閑王淺笑頷首,“嗯,此時纔是神智歸位了。”轉瞬肅整道,“於那上官清流亦不可掉以輕心。雖是龍家父子不得同他相較,卻是兩廂佐證才更可無慮!”
“王爺安心。上官清流即便如常上朝,於此等大悲大喜之事上,絕不如龍家父子情真意切。嗬嗬,依此論,似是龍家血脈亦有過人之處啊。”
“過人之處?蠢鈍過人?哈哈哈。”
“王爺明鑒。哈哈哈。”
主僕二人嬉笑了少時,閑王眼露寒芒道,“待及將軍府被眾人捧至巔峰之時,便再行散出傳言,稱作……”

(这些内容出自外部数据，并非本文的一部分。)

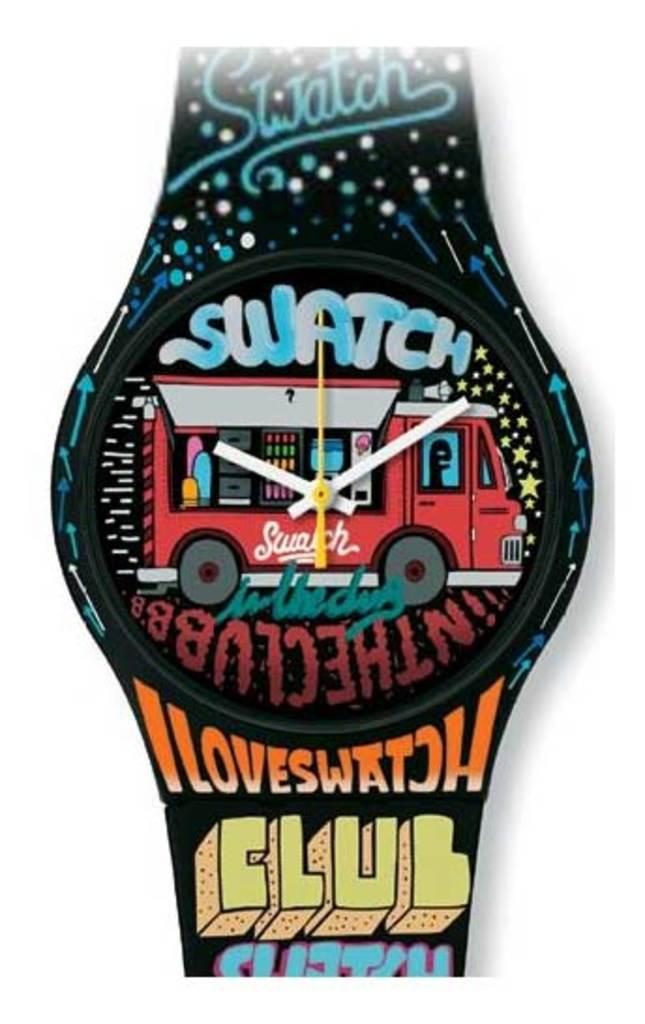<image>
Give a short and clear explanation of the subsequent image. A Swatch watch with a face plate showing a red food  truck.

無欲諂媚近前,接語道,“稱作龍少將軍此番過度悲愴傷懷具是因得同顧公子實為斷袖之故!屆時顧名身死之事定然已得實證,便是再復借其之名將將軍府打落塵埃!令那周正及龍嘯林最是得意於即將攀附皇家之時給出此等致命一擊,屆時無論明月公主還是皇上,必會徹底絕了招贅心思。”
閑王側眸睨了無欲一眼,輕淺勾唇,抬手撫上其肩背,“終是這般才為復了常態之狀啊,哈哈哈哈。”
“具是王爺素日調教之果。”
“殿下,明月公主這般驚擾了將軍府,皇上可會猜忌殿下?”六皇子府中,一名扮作酒肆夥計之人正將食盒中佳肴佈滿案幾,卻是瞥得近處無人,以極低聲量同六皇子搭話。
六皇子手執玉箸擇選著美味,勾唇笑道,“如此這般豈非纔可將龍泉現於眾人眼前?若是他假意遮掩定是架不住整日不知數眾人等前往‘規勸’的,那龍嘯林更是毫無心機可藏之輩。”
“殿下此舉恰可相證顧名此番絕非詐死脫身,而是實實辭世了。僅是那暗中行事之人可得了何樣好處?平白抬舉了龍家,旁觀皇上所為,大有招贅龍泉為婿之意啊,於殿下亦算得多有助益。”